Untuk tahun anggaran 2026, Pemerintah Kota Makassar telah mengalokasikan dana sekitar Rp124 miliar untuk tahap awal pembangunan fisik, yang mencakup pekerjaan pematangan lahan seperti penimbunan kawasan stadion.
Sebelumnya, sepanjang 2025, pemerintah kota memprioritaskan penyelesaian aspek legalitas lahan seluas 23 hektare guna memastikan kepastian hukum proyek.
Selain itu, berbagai dokumen pendukung seperti feasibility study (FS), analisis dampak lalu lintas (andalalin), hingga analisis mengenai dampak lingkungan (AMDAL) juga telah dirampungkan.

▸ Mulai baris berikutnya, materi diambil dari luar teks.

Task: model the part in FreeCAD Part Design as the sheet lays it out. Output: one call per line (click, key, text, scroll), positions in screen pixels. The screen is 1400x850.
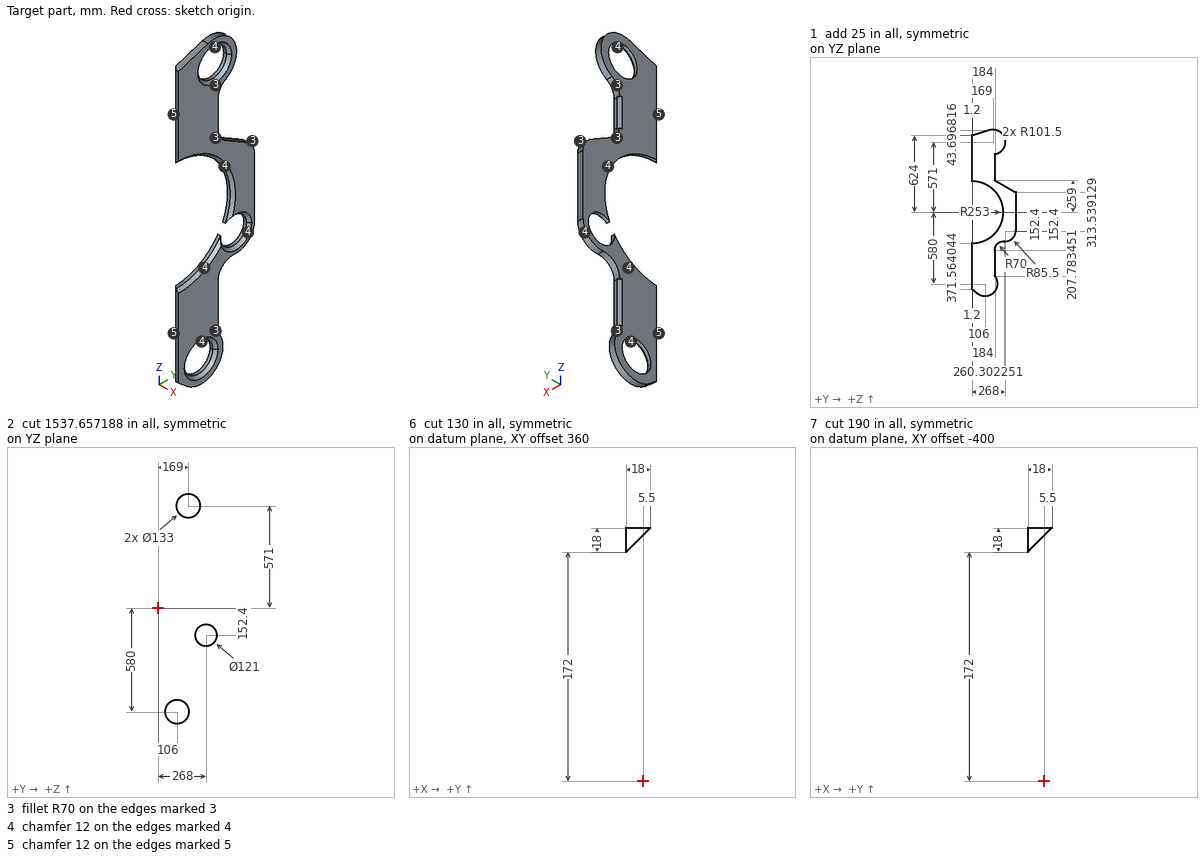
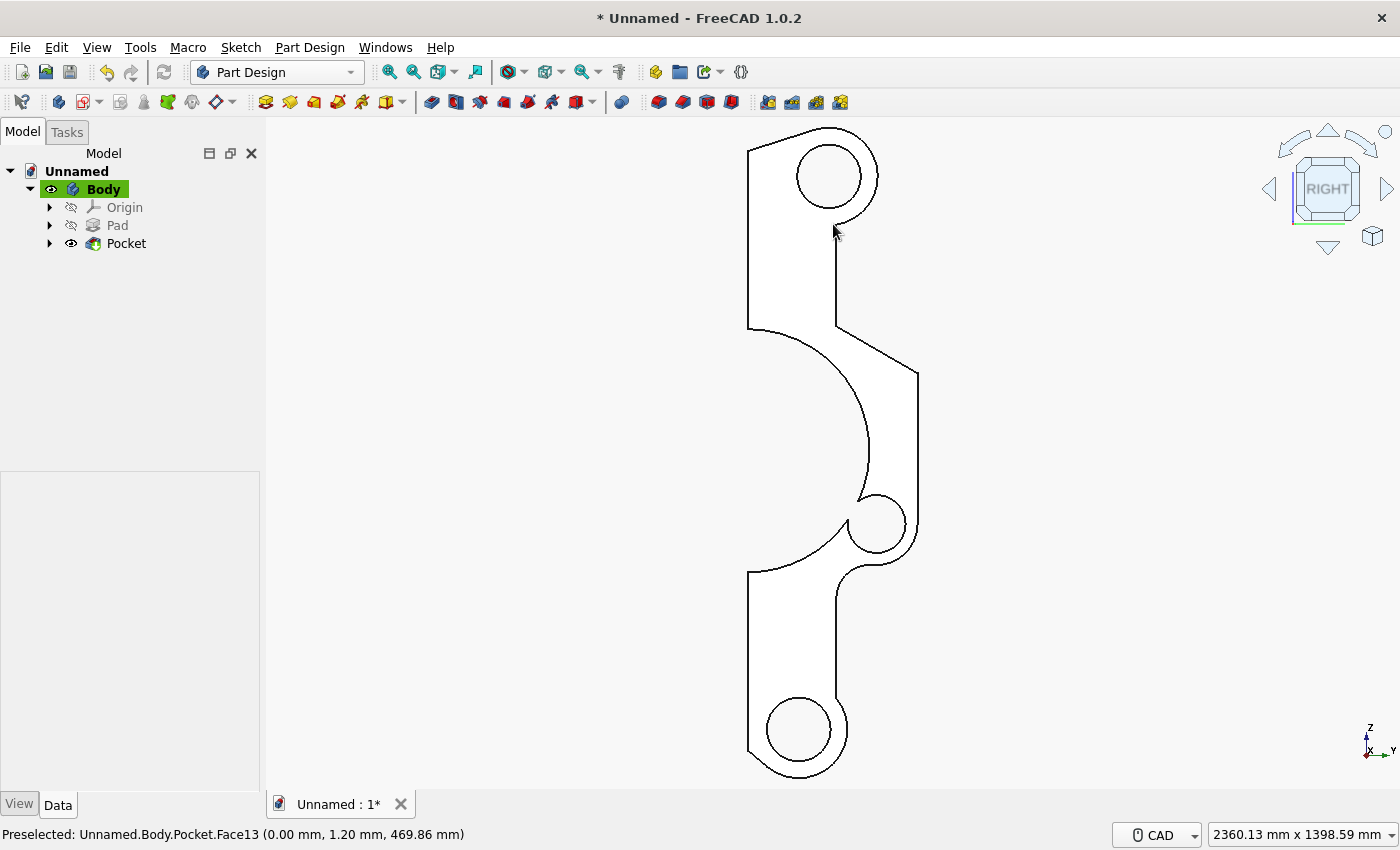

Langkah tersebut dinilai penting untuk memastikan pembangunan berjalan sesuai regulasi serta menghindari potensi permasalahan di masa depan.
Zuhaelsy menegaskan bahwa seluruh perusahaan memiliki kesempatan yang sama untuk mengikuti tender konstruksi, selama memenuhi standar teknis yang ditetapkan, termasuk mengacu pada standar internasional.
“Semua memiliki kesempatan yang sama, namun harus memiliki kapasitas dan pengalaman yang memadai karena ini proyek besar,” tutupnya.
Dengan progres yang terus bergerak, pembangunan Stadion Untia kini tidak lagi sekadar wacana, melainkan telah memasuki tahap nyata menuju realisasi sebagai fasilitas olahraga modern di Kota Makassar.